To more directly answer your question, plans don't offer extensive gym reimbursement probably because most seniors don't care about it enough for it to influence their plan choice, and it's probably a low utilized benefit. Like another commenter said, if you wanted to improve health through exercise in the Medicare program, it probably needs to be a quality metric, which will much more strongly change plan behavior and therefore senior behavior.
Move it or lose it. Especially as you age.
Two thoughts on exercise:
1. I imagine a similar answer would've been given 5-10 years ago about weight loss: you simply need to eat healthier/less. No drug can mimic that. Turns out: we discovered a drug that doesn't mimic that, but causes a behavioral change that makes people eat healthier/less. So, maybe we should find a drug that makes people exercise more (e.g. by making exercise more enjoyable).
2. We really should study the one condition where exercise isn't helpful.
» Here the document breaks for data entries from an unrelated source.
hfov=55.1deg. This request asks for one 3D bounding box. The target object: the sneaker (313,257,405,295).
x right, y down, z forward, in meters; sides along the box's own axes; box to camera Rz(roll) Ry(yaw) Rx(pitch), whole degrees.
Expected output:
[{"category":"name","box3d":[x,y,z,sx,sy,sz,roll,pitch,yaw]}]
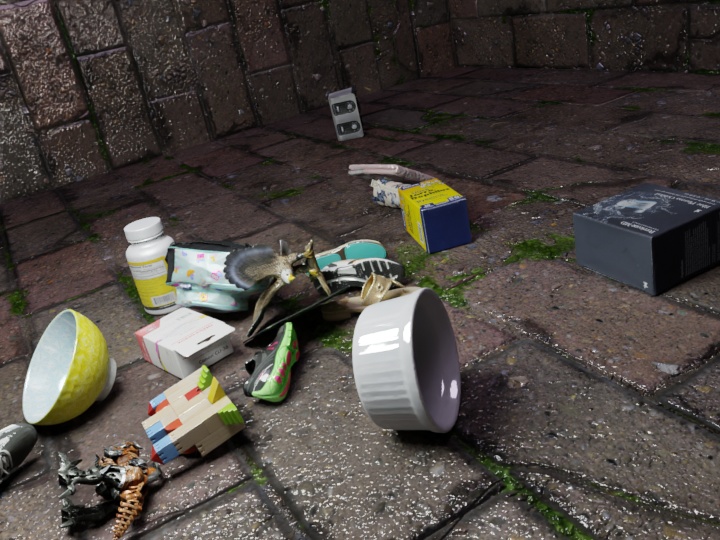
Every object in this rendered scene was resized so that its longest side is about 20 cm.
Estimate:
[{"category":"sneaker","box3d":[0.000,0.000,1.461,0.198,0.074,0.080,-4,22,17]}]

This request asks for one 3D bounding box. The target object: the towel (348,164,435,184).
[{"category":"towel","box3d":[0.094,-0.272,1.979,0.190,0.033,0.199,8,1,41]}]

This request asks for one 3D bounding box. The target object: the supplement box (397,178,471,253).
[{"category":"supplement box","box3d":[0.172,-0.133,1.631,0.108,0.110,0.200,-15,23,-8]}]

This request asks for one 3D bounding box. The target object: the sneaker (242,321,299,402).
[{"category":"sneaker","box3d":[-0.155,0.150,1.191,0.083,0.077,0.200,-4,23,9]}]

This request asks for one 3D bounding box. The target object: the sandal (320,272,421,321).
[{"category":"sandal","box3d":[0.021,0.040,1.361,0.210,0.070,0.078,-13,23,-3]}]

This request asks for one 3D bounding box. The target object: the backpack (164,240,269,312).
[{"category":"backpack","box3d":[-0.286,0.011,1.438,0.198,0.155,0.176,-4,-4,15]}]

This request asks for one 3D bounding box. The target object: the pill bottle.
[{"category":"pill bottle","box3d":[-0.459,-0.012,1.550,0.110,0.202,0.111,-9,23,4]}]

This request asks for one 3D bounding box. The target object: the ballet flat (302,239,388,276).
[{"category":"ballet flat","box3d":[-0.036,-0.033,1.566,0.198,0.068,0.062,-11,13,3]}]

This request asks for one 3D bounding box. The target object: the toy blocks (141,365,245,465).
[{"category":"toy blocks","box3d":[-0.270,0.231,1.063,0.136,0.101,0.200,-32,26,-18]}]

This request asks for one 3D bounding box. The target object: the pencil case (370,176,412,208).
[{"category":"pencil case","box3d":[0.113,-0.201,1.848,0.089,0.079,0.199,11,6,-38]}]

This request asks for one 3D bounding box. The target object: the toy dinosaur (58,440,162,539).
[{"category":"toy dinosaur","box3d":[-0.341,0.293,0.948,0.135,0.103,0.200,-2,-3,-21]}]

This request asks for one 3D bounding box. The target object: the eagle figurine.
[{"category":"eagle figurine","box3d":[-0.171,0.016,1.353,0.199,0.152,0.151,-27,-15,-18]}]

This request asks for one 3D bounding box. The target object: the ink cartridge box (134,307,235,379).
[{"category":"ink cartridge box","box3d":[-0.325,0.140,1.309,0.116,0.068,0.199,-30,27,-35]}]

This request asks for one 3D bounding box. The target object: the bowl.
[{"category":"bowl","box3d":[-0.500,0.181,1.221,0.107,0.202,0.200,25,-3,-39]}]

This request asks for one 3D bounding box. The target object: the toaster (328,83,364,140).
[{"category":"toaster","box3d":[-0.055,-0.643,2.812,0.118,0.182,0.200,-11,24,4]}]

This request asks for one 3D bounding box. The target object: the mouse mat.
[{"category":"mouse mat","box3d":[-0.123,0.084,1.318,0.199,0.008,0.161,-25,-3,-30]}]

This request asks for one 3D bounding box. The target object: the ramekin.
[{"category":"ramekin","box3d":[0.067,0.131,0.982,0.097,0.202,0.201,-10,22,24]}]

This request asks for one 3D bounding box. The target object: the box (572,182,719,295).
[{"category":"box","box3d":[0.542,-0.066,1.290,0.199,0.118,0.196,-22,25,-19]}]

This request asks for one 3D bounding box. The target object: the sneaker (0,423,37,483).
[{"category":"sneaker","box3d":[-0.547,0.320,1.019,0.115,0.075,0.200,14,44,37]}]
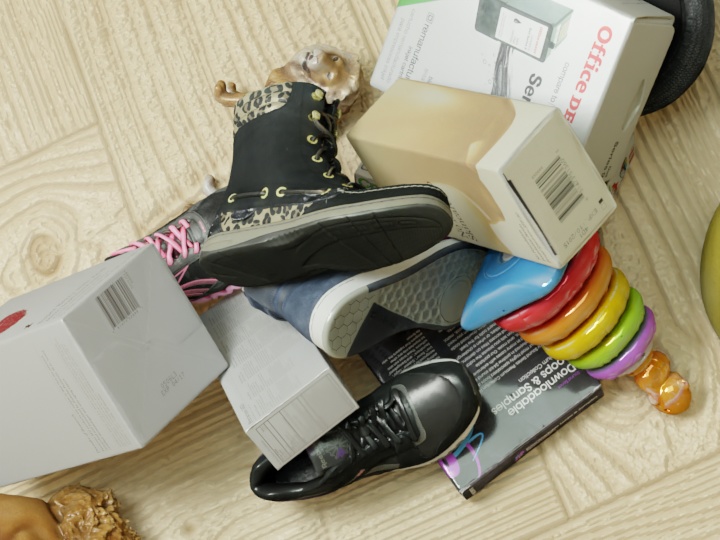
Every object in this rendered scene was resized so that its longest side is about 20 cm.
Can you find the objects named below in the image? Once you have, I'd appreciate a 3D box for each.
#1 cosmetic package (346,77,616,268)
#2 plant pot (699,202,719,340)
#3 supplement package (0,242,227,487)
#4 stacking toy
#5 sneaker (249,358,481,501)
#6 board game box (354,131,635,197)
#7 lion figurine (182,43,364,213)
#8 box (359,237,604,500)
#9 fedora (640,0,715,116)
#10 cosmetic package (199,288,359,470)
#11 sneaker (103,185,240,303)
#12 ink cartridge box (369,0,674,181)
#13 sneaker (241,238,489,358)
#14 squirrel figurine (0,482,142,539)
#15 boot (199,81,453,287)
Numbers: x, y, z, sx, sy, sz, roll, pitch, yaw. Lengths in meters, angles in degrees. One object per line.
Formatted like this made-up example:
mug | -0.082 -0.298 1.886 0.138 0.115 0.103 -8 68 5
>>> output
cosmetic package | 0.088 -0.076 1.517 0.071 0.105 0.200 -46 30 -17
plant pot | 0.352 -0.021 1.534 0.199 0.142 0.201 -5 71 13
supplement package | -0.230 0.078 1.601 0.199 0.121 0.120 -19 108 43
stacking toy | 0.187 0.043 1.559 0.200 0.116 0.110 41 51 -17
sneaker | 0.002 0.136 1.573 0.199 0.087 0.076 -29 85 26
board game box | 0.110 -0.087 1.656 0.199 0.035 0.127 18 58 19
lion figurine | -0.072 -0.099 1.720 0.122 0.072 0.201 13 90 10
box | 0.083 0.065 1.635 0.143 0.036 0.200 -36 66 0
fedora | 0.212 -0.220 1.649 0.200 0.091 0.202 16 117 33
cosmetic package | -0.071 0.074 1.607 0.082 0.051 0.200 -36 29 0
sneaker | -0.161 -0.005 1.656 0.200 0.095 0.079 -38 63 28
ink cartridge box | 0.127 -0.174 1.598 0.199 0.084 0.147 29 110 26
sneaker | 0.000 -0.001 1.590 0.146 0.202 0.077 26 118 41
squirrel figurine | -0.243 0.260 1.585 0.199 0.142 0.187 -19 32 -20
boot | -0.023 -0.077 1.506 0.202 0.073 0.155 -12 55 26
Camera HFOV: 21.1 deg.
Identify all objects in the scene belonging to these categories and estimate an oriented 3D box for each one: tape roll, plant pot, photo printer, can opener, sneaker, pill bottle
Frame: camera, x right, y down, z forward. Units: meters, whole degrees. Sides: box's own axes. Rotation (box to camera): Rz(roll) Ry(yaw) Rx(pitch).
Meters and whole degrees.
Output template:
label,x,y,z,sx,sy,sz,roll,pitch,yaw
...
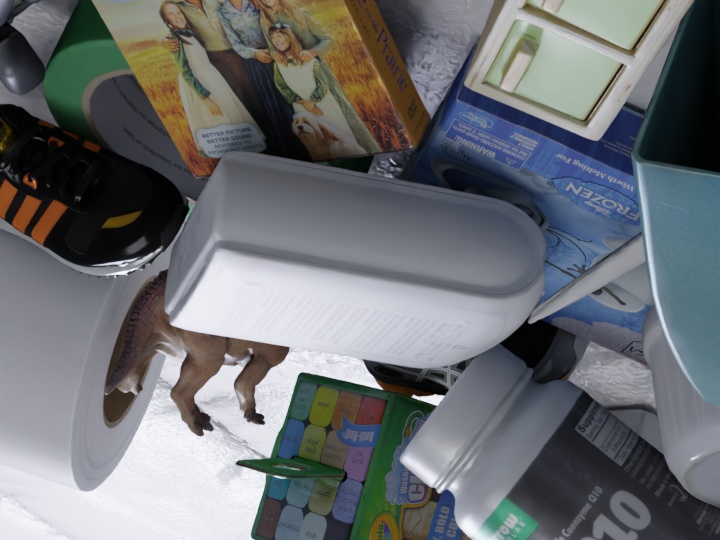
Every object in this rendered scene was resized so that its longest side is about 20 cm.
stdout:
label,x,y,z,sx,sy,sz,roll,pitch,yaw
tape roll,-0.089,-0.092,1.146,0.199,0.048,0.201,17,153,9
plant pot,0.213,-0.021,0.906,0.140,0.142,0.201,13,143,18
tape roll,-0.217,0.034,1.310,0.138,0.204,0.203,17,154,10
photo printer,0.000,0.000,1.088,0.198,0.070,0.166,10,161,-12
can opener,-0.182,-0.140,1.043,0.067,0.053,0.200,56,168,-7
sneaker,-0.193,-0.056,1.155,0.199,0.070,0.090,18,161,40
sneaker,0.063,0.044,1.261,0.199,0.079,0.077,-4,139,44
pill bottle,0.129,0.139,1.165,0.199,0.113,0.113,38,155,5

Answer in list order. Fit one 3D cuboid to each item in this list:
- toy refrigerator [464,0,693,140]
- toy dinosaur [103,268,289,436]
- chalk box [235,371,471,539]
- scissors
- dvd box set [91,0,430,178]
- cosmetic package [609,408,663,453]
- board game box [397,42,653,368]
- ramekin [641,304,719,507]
label,x,y,z,sx,sy,sz,roll,pitch,yaw
toy refrigerator,0.112,-0.139,0.877,0.075,0.070,0.200,22,155,-3
toy dinosaur,-0.088,0.024,1.242,0.199,0.137,0.086,-6,-151,-38
chalk box,0.014,0.144,1.302,0.199,0.125,0.124,21,173,-34
scissors,0.172,-0.020,1.017,0.073,0.014,0.200,31,121,-12
dvd box set,-0.066,-0.138,0.992,0.145,0.030,0.201,-5,131,28
cosmetic package,0.165,0.229,1.392,0.165,0.201,0.164,38,150,-32
board game box,0.122,-0.029,1.109,0.199,0.044,0.199,23,155,-4
ramekin,0.258,0.075,1.092,0.200,0.095,0.203,4,156,2
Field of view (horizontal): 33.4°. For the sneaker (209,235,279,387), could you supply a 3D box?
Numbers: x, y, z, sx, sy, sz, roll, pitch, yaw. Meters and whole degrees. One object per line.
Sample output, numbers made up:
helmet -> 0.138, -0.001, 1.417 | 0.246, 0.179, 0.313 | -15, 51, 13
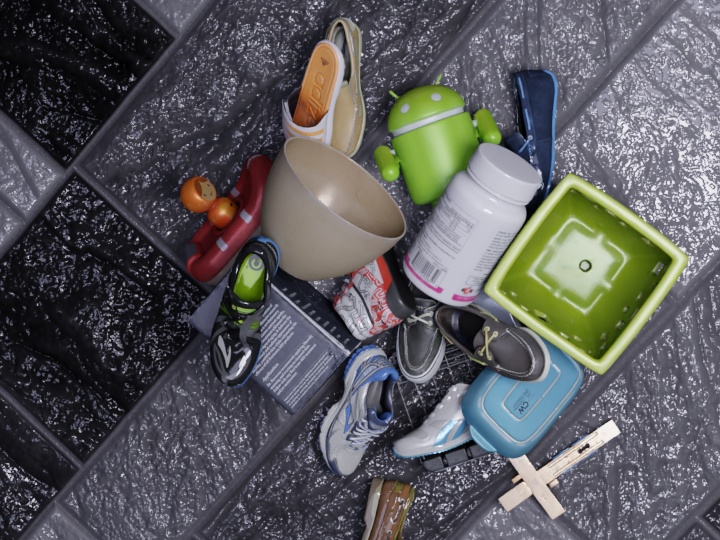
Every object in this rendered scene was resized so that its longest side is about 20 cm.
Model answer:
sneaker -> -0.156, 0.052, 1.545 | 0.071, 0.083, 0.200 | 16, 97, 6

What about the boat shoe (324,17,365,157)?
boat shoe -> -0.033, -0.259, 1.709 | 0.071, 0.076, 0.201 | -2, 95, 7

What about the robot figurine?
robot figurine -> 0.108, -0.169, 1.677 | 0.175, 0.116, 0.200 | -19, 93, 3

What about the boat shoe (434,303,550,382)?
boat shoe -> 0.172, 0.096, 1.595 | 0.060, 0.201, 0.072 | 9, 102, -33

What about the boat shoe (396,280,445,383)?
boat shoe -> 0.086, 0.057, 1.698 | 0.071, 0.064, 0.200 | 5, 77, 16

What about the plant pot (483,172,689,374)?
plant pot -> 0.302, -0.001, 1.634 | 0.200, 0.181, 0.199 | 36, 98, 4

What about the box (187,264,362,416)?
box -> -0.111, 0.081, 1.685 | 0.197, 0.200, 0.124 | 43, 98, 2

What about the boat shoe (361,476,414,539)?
boat shoe -> 0.034, 0.406, 1.757 | 0.068, 0.072, 0.201 | 10, 96, 8

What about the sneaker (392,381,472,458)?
sneaker -> 0.133, 0.204, 1.679 | 0.200, 0.077, 0.081 | -25, 83, 1

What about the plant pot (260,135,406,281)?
plant pot -> -0.058, -0.065, 1.613 | 0.200, 0.200, 0.135 | 42, 114, 2

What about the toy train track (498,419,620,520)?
toy train track -> 0.288, 0.282, 1.737 | 0.200, 0.033, 0.115 | -36, 82, 3

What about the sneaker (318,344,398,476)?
sneaker -> 0.002, 0.212, 1.720 | 0.077, 0.085, 0.200 | 4, 109, -37

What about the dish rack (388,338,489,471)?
dish rack -> 0.132, 0.184, 1.737 | 0.153, 0.055, 0.200 | -19, 90, 7

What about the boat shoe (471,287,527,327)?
boat shoe -> 0.211, 0.088, 1.710 | 0.070, 0.066, 0.200 | -42, 84, 12

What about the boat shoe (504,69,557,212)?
boat shoe -> 0.231, -0.181, 1.685 | 0.068, 0.084, 0.201 | 4, 81, -12

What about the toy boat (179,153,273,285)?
toy boat -> -0.199, -0.087, 1.706 | 0.131, 0.131, 0.200 | 37, 98, -25

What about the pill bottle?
pill bottle -> 0.149, -0.061, 1.592 | 0.113, 0.113, 0.200 | 33, 116, 4

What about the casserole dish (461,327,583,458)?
casserole dish -> 0.227, 0.163, 1.631 | 0.121, 0.039, 0.200 | 44, 71, 1

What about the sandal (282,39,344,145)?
sandal -> -0.078, -0.229, 1.682 | 0.079, 0.059, 0.207 | 40, 135, 29

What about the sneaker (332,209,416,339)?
sneaker -> 0.000, 0.000, 1.705 | 0.108, 0.067, 0.202 | -33, 59, 22
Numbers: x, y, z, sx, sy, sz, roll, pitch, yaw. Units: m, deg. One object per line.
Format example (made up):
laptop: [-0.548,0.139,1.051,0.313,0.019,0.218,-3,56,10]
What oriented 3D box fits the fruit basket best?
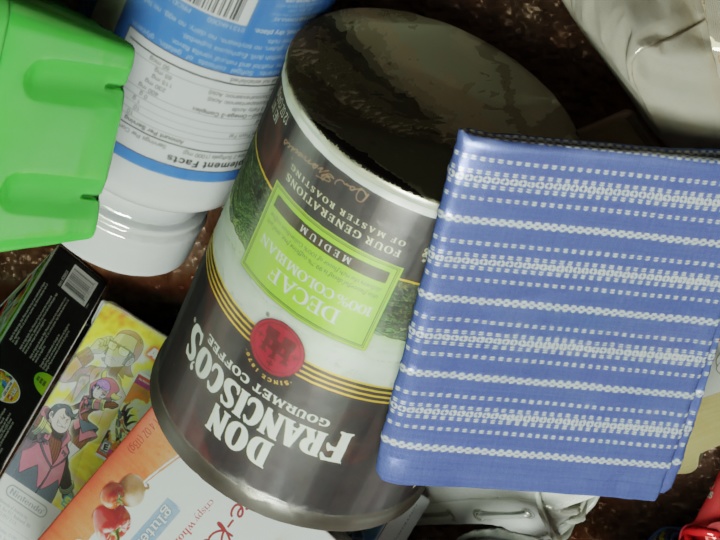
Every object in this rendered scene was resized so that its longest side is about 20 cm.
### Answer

Where it's even counterproductive: ME/CFS. People with ME/CFS get worse from exertion, so called post-exertional malaise. Seems to me, solving that disease would greatly increase our understanding of exercise and how to make it (more) beneficial. (Note: I have this disease)
Yes, exercise is a miracle drug, but it's not why we're living longer than ever.
For the sake of the anti-vax advocates who may stumble upon this, the obvious point should should be made that exercise it is not a substitute for medicine, especially those that prevent communicable diseases.